Statins have been shown to reduce the risk of stroke as well as heart attack. But by explicitly counting stroke-prevention among statins’ benefits for the first time, the authors of the new guidelines hope to extend statin therapy to more of the patients who are most susceptible to stroke, including women, African Americans and the very elderly.
Dr.
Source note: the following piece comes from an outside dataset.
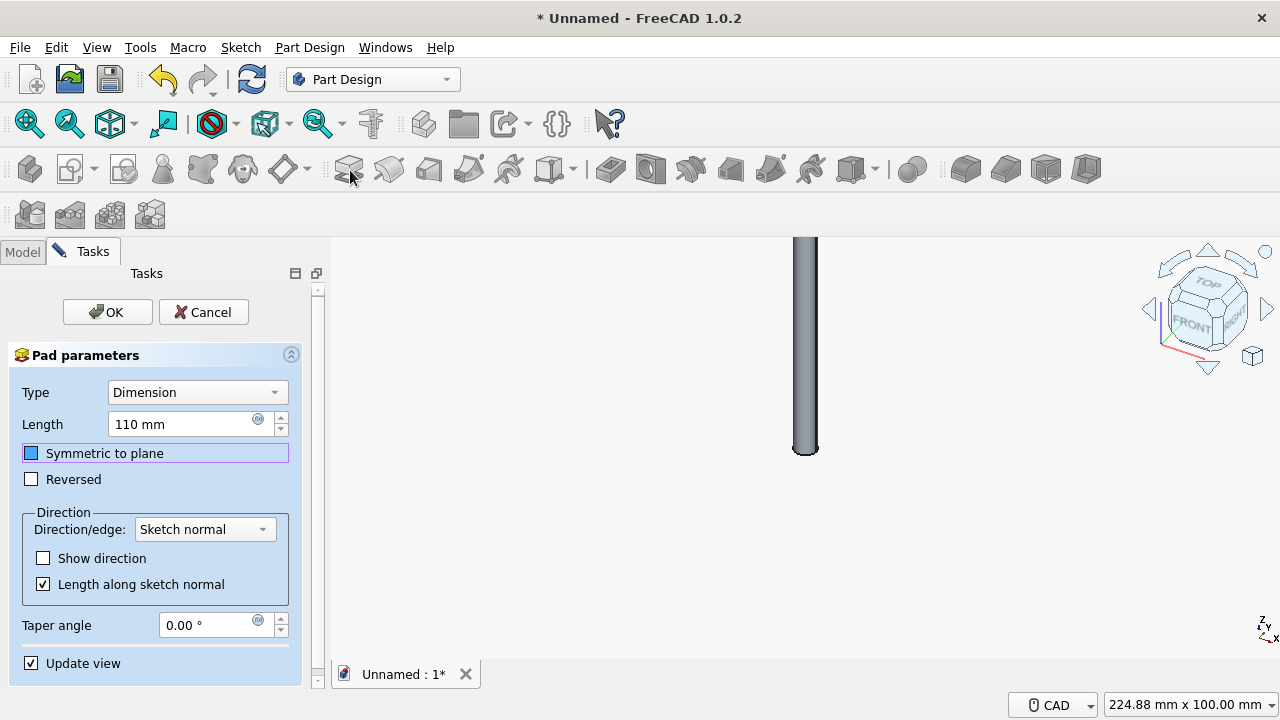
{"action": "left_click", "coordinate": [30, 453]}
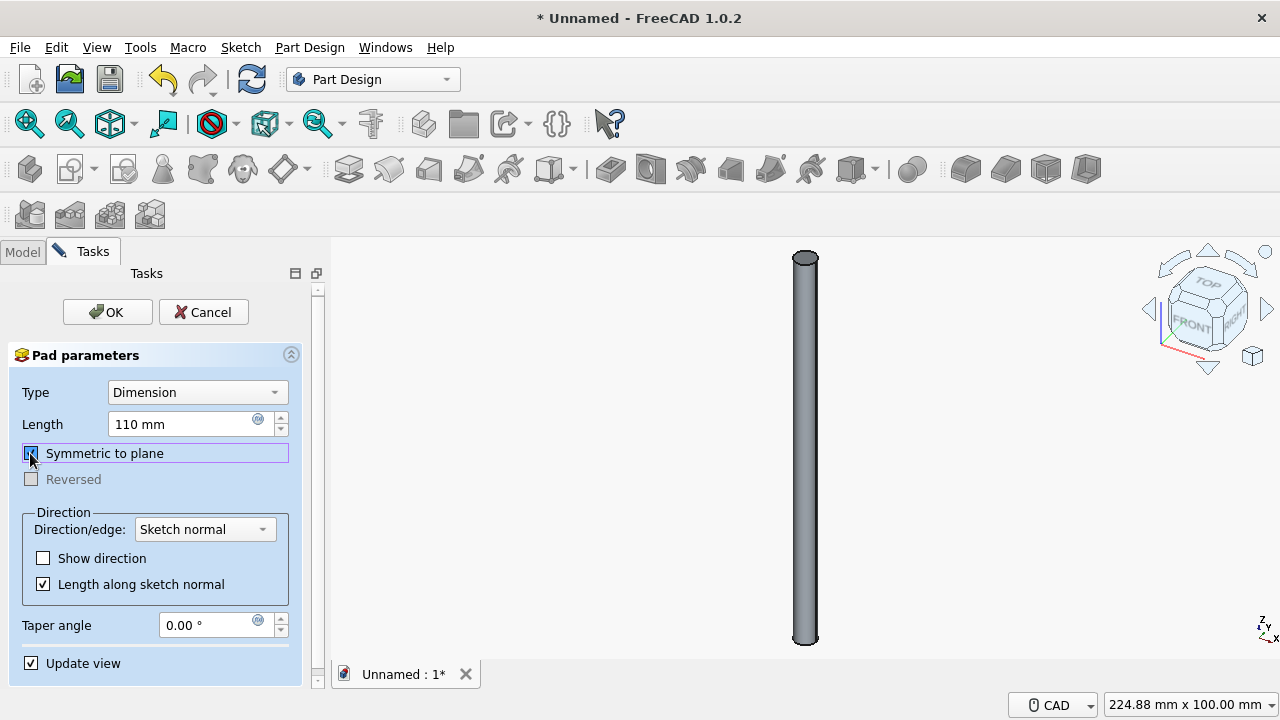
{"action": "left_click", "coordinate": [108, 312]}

Neil Stone, chief author of the new clinical practice guidelines, said Americans’ health would benefit from a more vigorous approach to identifying and treating patients who are vulnerable to heart attacks and strokes, not just those with too much LDL.
“Statins treat risk, not only cholesterol,” said Stone, a cardiologist and professor at Northwestern University’s Feinberg School of Medicine. “They lower risk by lowering cholesterol.” But he acknowledged that clinical studies had not been able to prove that lowering cholesterol to specific targets translated into lower risk that a blockage would halt blood flow to the brain or heart.
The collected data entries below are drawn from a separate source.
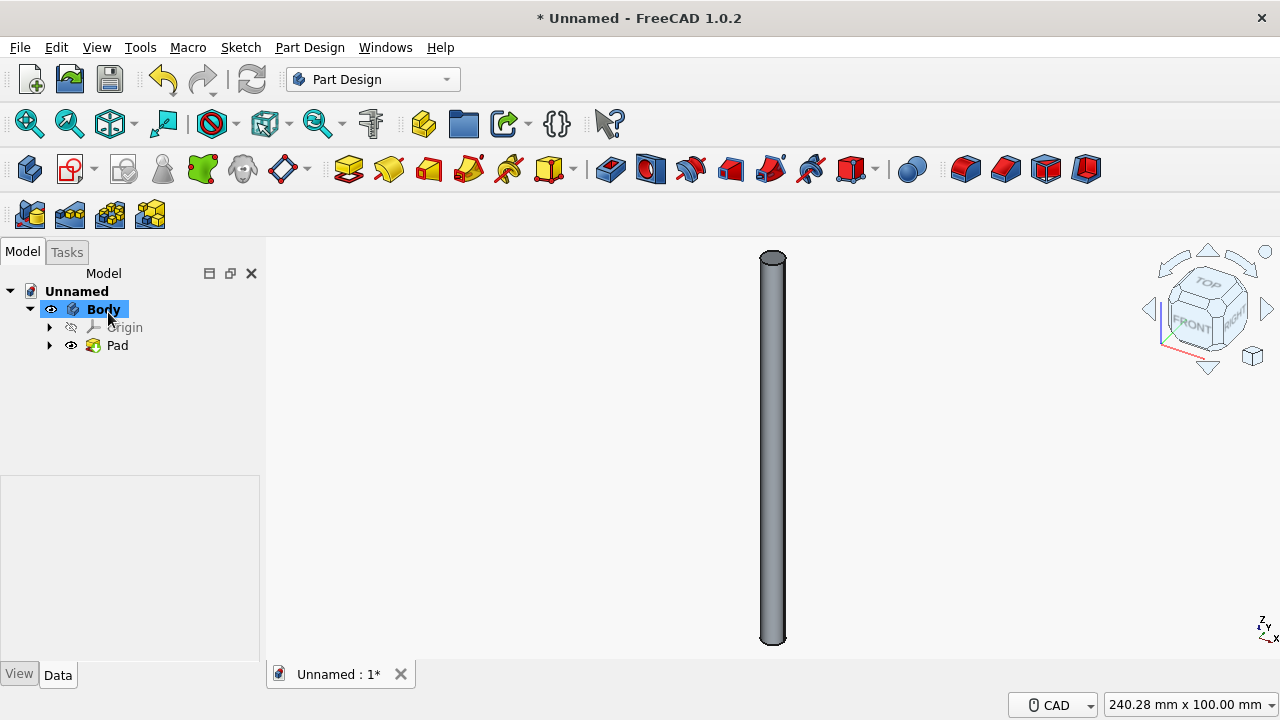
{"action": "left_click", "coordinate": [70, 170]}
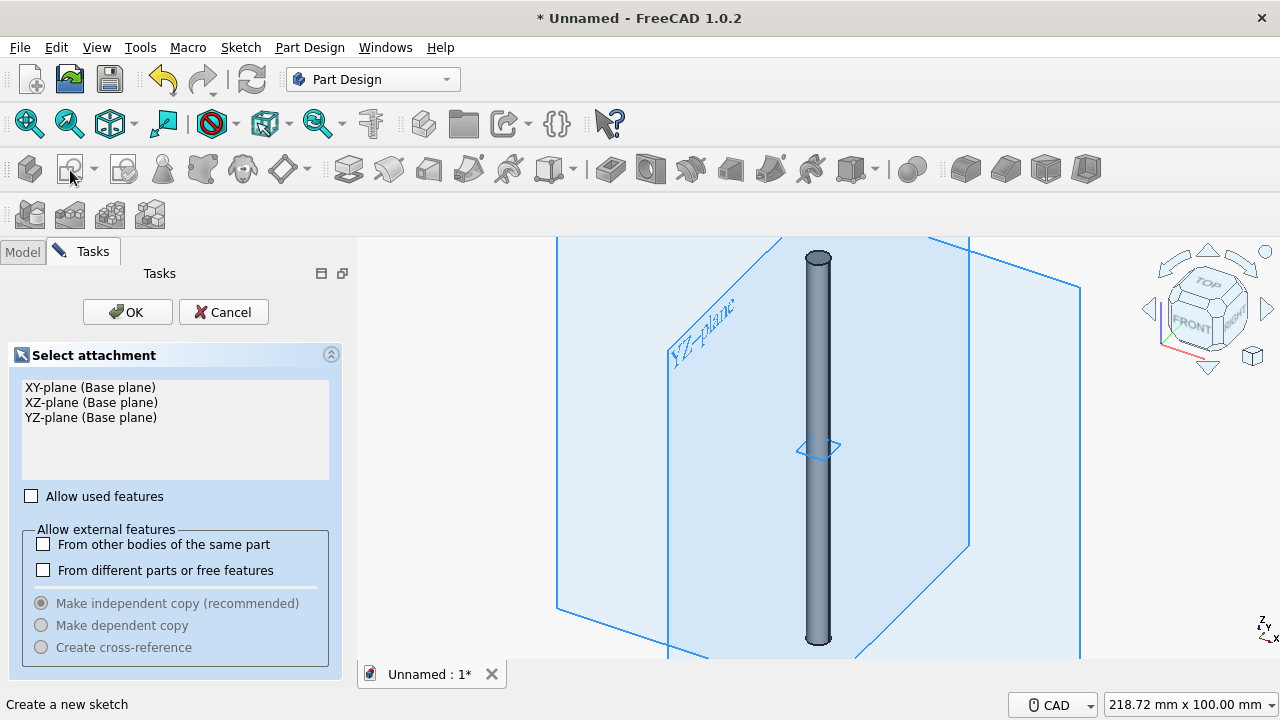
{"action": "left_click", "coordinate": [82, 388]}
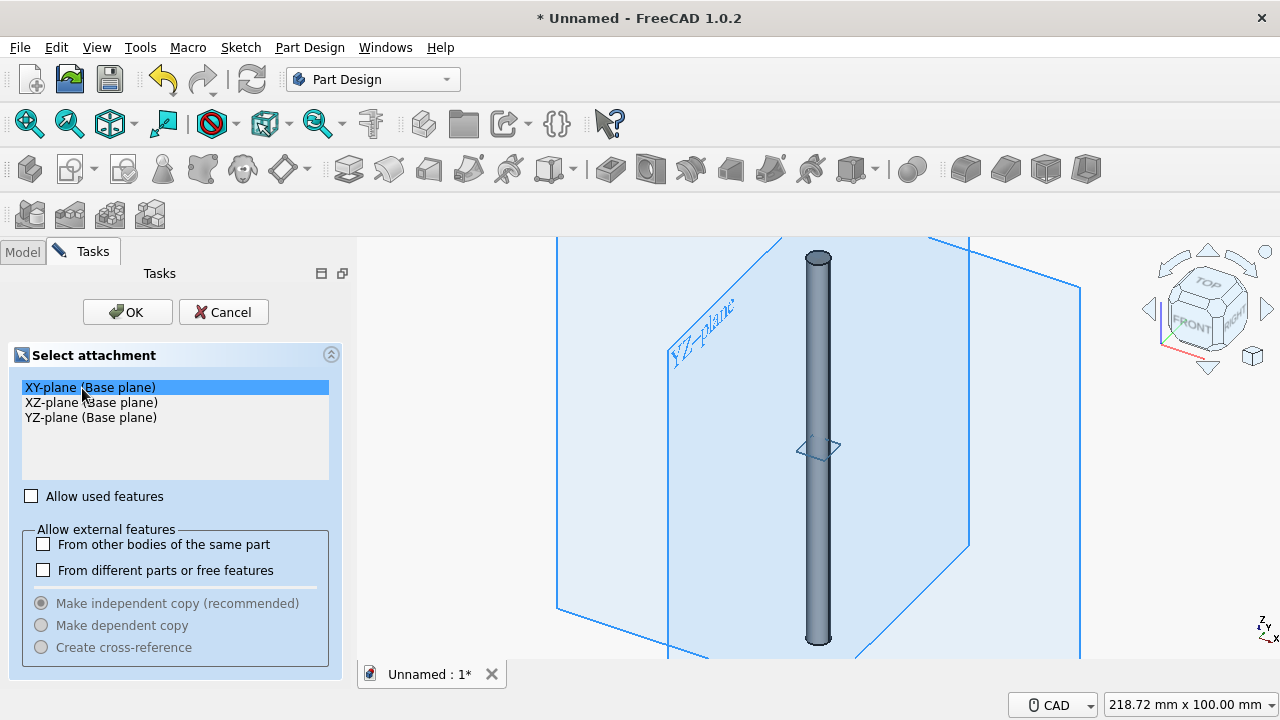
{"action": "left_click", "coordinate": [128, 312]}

The new guidelines will align physician practices with a welter of new research showing what works — and what doesn’t — in preventing heart attacks and strokes, said Dr. Steven Nissen, an influential Cleveland Clinic cardiologist who was not involved in drafting the new recommendations. The result should be fewer premature deaths and patients disabled by heart attacks and strokes, he said, although it will take years before such reductions can be tallied.
The recommendations “will require new thinking” on the part of physicians accustomed to a system with clear goals and a clearly defined group of high-risk patients, Nissen said. Doctors will have to switch to new tools to identify patients newly eligible to take statins, including the “cardiovascular risk calculator” available online.
“In practice, it’s going to be a gradual shift,” Nissen said.
Dr. Michael Johansen, a professor of family medicine at Ohio State University’s Wexner Medical Center, said the new statin guidelines should gain acceptance from patients and physicians, despite 20 years of marketing and medical practice that fueled “the misconception that statins are for cholesterol reduction instead of a drug to prevent heart attacks and strokes.”
Johansen called the new guidelines “far simpler and more effective to implement” than the current approach, which calls on doctors to prescribe additional medications to patients with stubbornly high LDL. These include cholesterol absorption inhibitors, high doses of niacin, bile acid binders and triglyceride-lowering fibrates.
As the new guidelines enter into broad use, Johansen said, both patients and physicians will be happy to scale back the use of costly non-statin cholesterol medications “that haven’t been shown to make people live longer or happier lives.”
The new guidelines will be published in the Journal of the American College of Cardiology and in the American Heart Assn. journal Circulation.